Machine learning in the 1990s switched from knowledge-driven to data-driven. This included algorithms designed to analyze vast quantities of data before drawing conclusions. Additionally, it started learning from the results and processing the data. “1997 saw another huge leap forward for machine learning. This is when IBM’s ‘Deep Blue’ chess-playing computer successfully beat the then-world champion at the game,” adds Bressler.
21 years since Geoffrey Hinton coined the term ‘deep learning’. Wherein which computers are able to ‘see’ rather than simply processing data.
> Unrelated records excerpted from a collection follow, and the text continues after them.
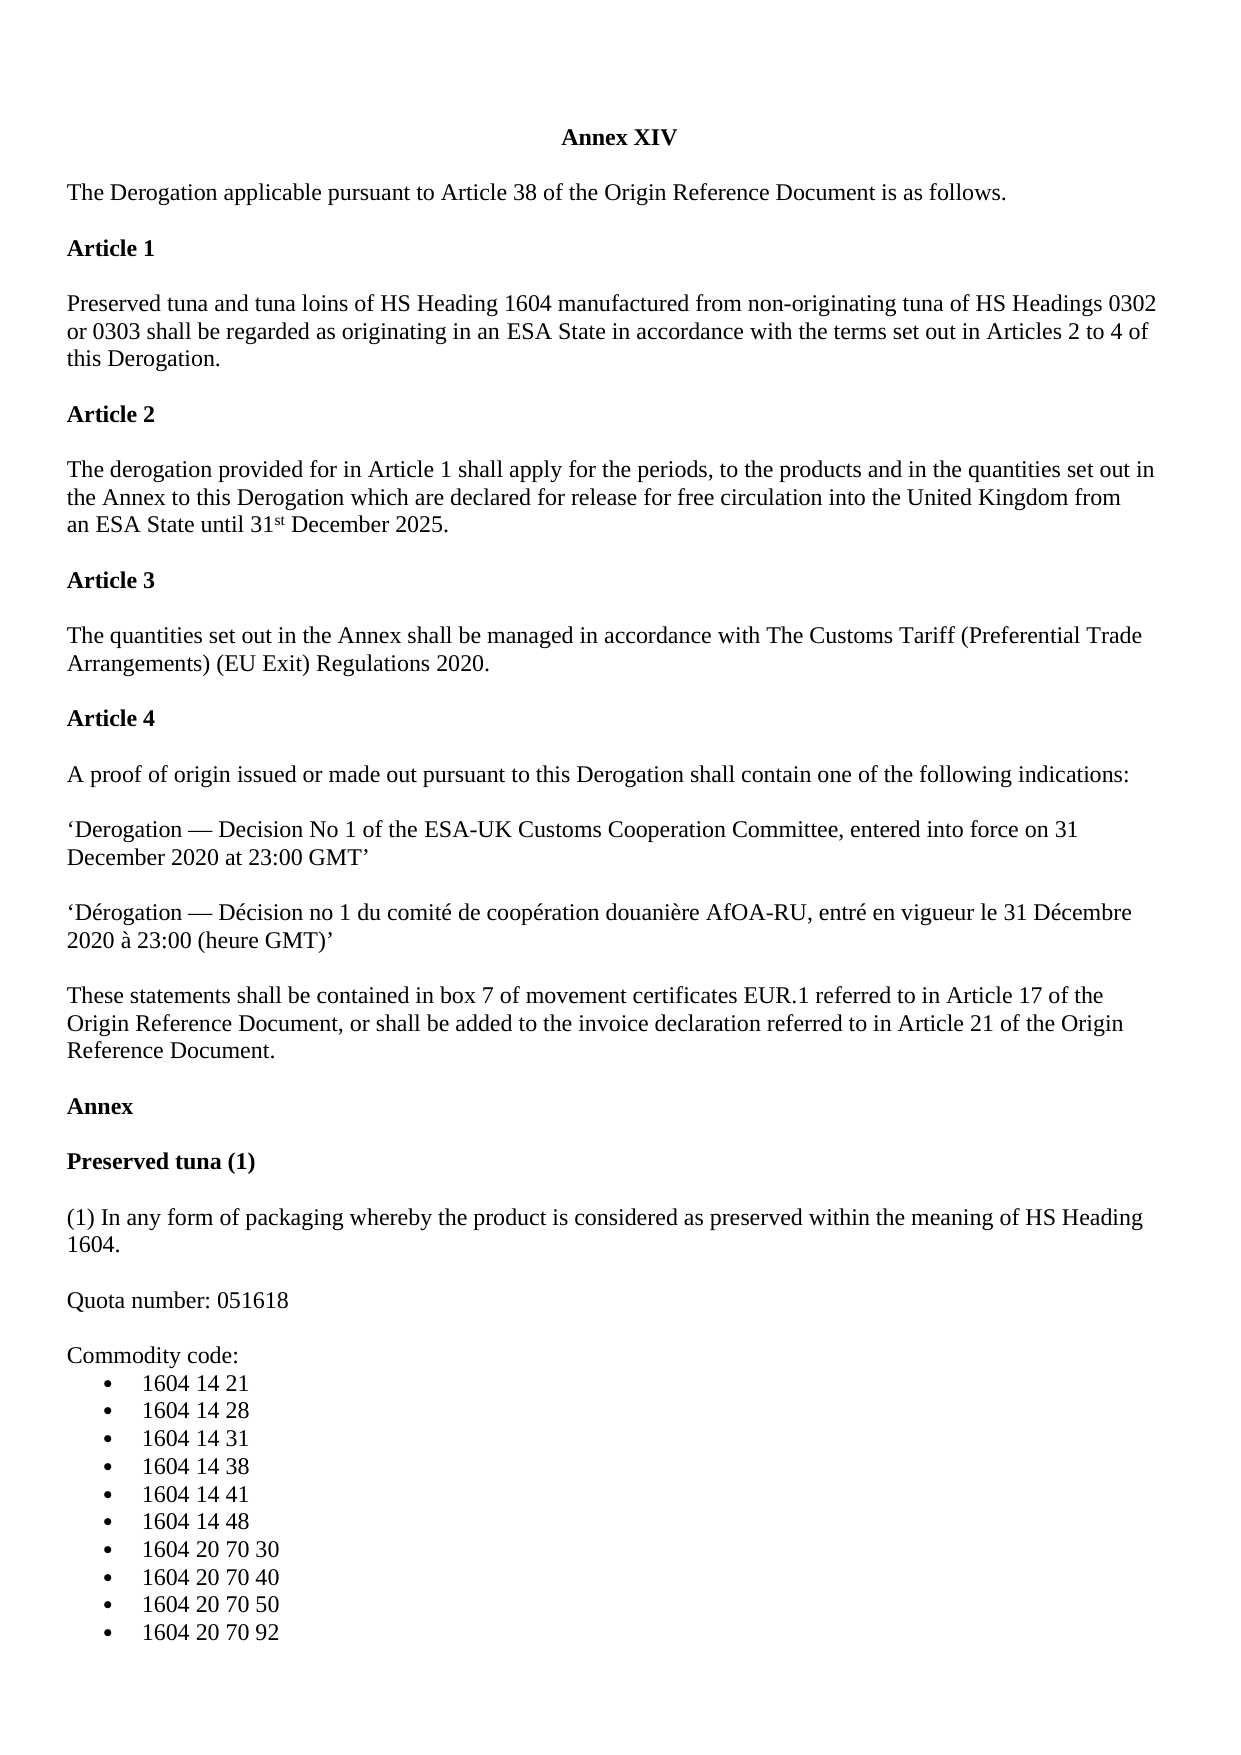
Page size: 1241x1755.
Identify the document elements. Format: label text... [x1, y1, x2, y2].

list 1604 14 21 [104, 1369, 1172, 1396]
text ‘Dérogation — Décision no 1 du comité de coopération douanière AfOA-RU, entré en vigueur le 31 Décembre 2020 à 23:00 (heure GMT)’ [67, 898, 1172, 953]
list 1604 14 48 [104, 1507, 1172, 1535]
list 1604 20 70 50 [104, 1591, 1172, 1618]
text The derogation provided for in Article 1 shall apply for the periods, to the products and in the quantities set out in the Annex to this Derogation which are declared for release for free circulation into the United Kingdom from an ESA State until 31st December 2025. [67, 455, 1172, 538]
text Quota number: 051618 [67, 1286, 1172, 1313]
list 1604 14 31 [104, 1424, 1172, 1452]
list 1604 20 70 30 [104, 1535, 1172, 1563]
list 1604 20 70 40 [104, 1563, 1172, 1590]
text ‘Derogation — Decision No 1 of the ESA-UK Customs Cooperation Committee, entered into force on 31 December 2020 at 23:00 GMT’ [67, 815, 1172, 870]
text Article 2 [67, 400, 1172, 427]
list 1604 14 38 [104, 1452, 1172, 1479]
text Annex XIV [67, 123, 1172, 151]
text Article 3 [67, 566, 1172, 593]
list 1604 14 41 [104, 1480, 1172, 1507]
text These statements shall be contained in box 7 of movement certificates EUR.1 referred to in Article 17 of the Origin Reference Document, or shall be added to the invoice declaration referred to in Article 21 of the Origin Reference Document. [67, 981, 1172, 1064]
text The Derogation applicable pursuant to Article 38 of the Origin Reference Document is as follows. [67, 178, 1172, 206]
text Preserved tuna (1) [67, 1147, 1172, 1175]
text (1) In any form of packaging whereby the product is considered as preserved within the meaning of HS Heading 1604. [67, 1203, 1172, 1258]
text Preserved tuna and tuna loins of HS Heading 1604 manufactured from non-originating tuna of HS Headings 0302 or 0303 shall be regarded as originating in an ESA State in accordance with the terms set out in Articles 2 to 4 of this Derogation. [67, 289, 1172, 372]
text Article 1 [67, 234, 1172, 261]
text Article 4 [67, 704, 1172, 732]
text The quantities set out in the Annex shall be managed in accordance with The Customs Tariff (Preferential Trade Arrangements) (EU Exit) Regulations 2020. [67, 621, 1172, 677]
list 1604 20 70 92 [104, 1618, 1172, 1646]
text Annex [67, 1092, 1172, 1119]
list 1604 14 28 [104, 1397, 1172, 1424]
text A proof of origin issued or made out pursuant to this Derogation shall contain one of the following indications: [67, 760, 1172, 787]
text Commodity code: [67, 1341, 1172, 1369]
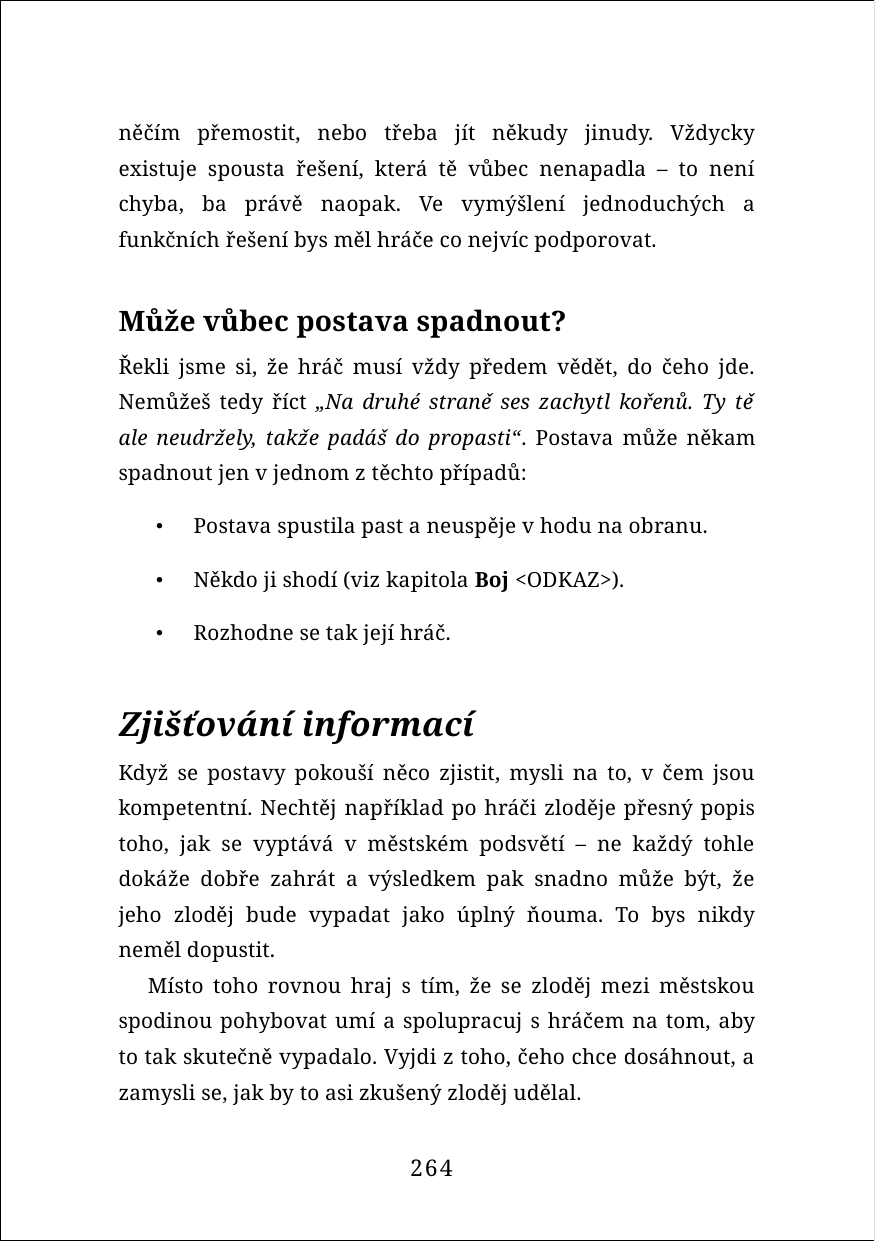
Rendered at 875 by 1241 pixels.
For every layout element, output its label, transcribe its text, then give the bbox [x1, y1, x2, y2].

list Někdo ji shodí (viz kapitola Boj <ODKAZ>). [156, 565, 756, 593]
list Rozhodne se tak její hráč. [156, 618, 756, 646]
text Když se postavy pokouší něco zjistit, mysli na to, v čem jsou kompetentní. Nechtěj například po hráči zloděje přesný popis toho, jak se vyptává v městském podsvětí – ne každý tohle dokáže dobře zahrát a výsledkem pak snadno může být, že jeho zloděj bude vypadat jako úplný ňouma. To bys nikdy neměl dopustit. Místo toho rovnou hraj s tím, že se zloděj mezi městskou spodinou pohybovat umí a spolupracuj s hráčem na tom, aby to tak skutečně vypadalo. Vyjdi z toho, čeho chce dosáhnout, a zamysli se, jak by to asi zkušený zloděj udělal. [118, 758, 756, 1106]
text něčím přemostit, nebo třeba jít někudy jinudy. Vždycky existuje spousta řešení, která tě vůbec nenapadla – to není chyba, ba právě naopak. Ve vymýšlení jednoduchých a funkčních řešení bys měl hráče co nejvíc podporovat. [118, 118, 756, 253]
text Řekli jsme si, že hráč musí vždy předem vědět, do čeho jde. Nemůžeš tedy říct „Na druhé straně ses zachytl kořenů. Ty tě ale neudržely, takže padáš do propasti“. Postava může někam spadnout jen v jednom z těchto případů: [118, 352, 756, 487]
subtitle Může vůbec postava spadnout? [118, 302, 756, 340]
subtitle Zjišťování informací [118, 701, 756, 746]
list Postava spustila past a neuspěje v hodu na obranu. [156, 512, 756, 540]

Along the same lines, Microsoft developed never-before-seen motion tracking software. This was capable of reading and reacting to human movement and gestures, back in 2010. Meanwhile, in 2011, another IBM creation named ‘Watson’ successfully beat a team of human competitors at Jeopardy. Further demonstrating the possibilities afforded by machine learning technology.
Microsoft has led the way since, developing deep neural networks and sophisticated artificial intelligence technology. “In the last year or two alone, we’ve seen huge further advances. In 2016 when Google’s AlphaGo A.I. algorithm successfully beat a professional player. This was considered the world’s most complex board game. ‘Go,'” adds Lee Bressler, in closing, “I cannot wait to see what future machines are like.”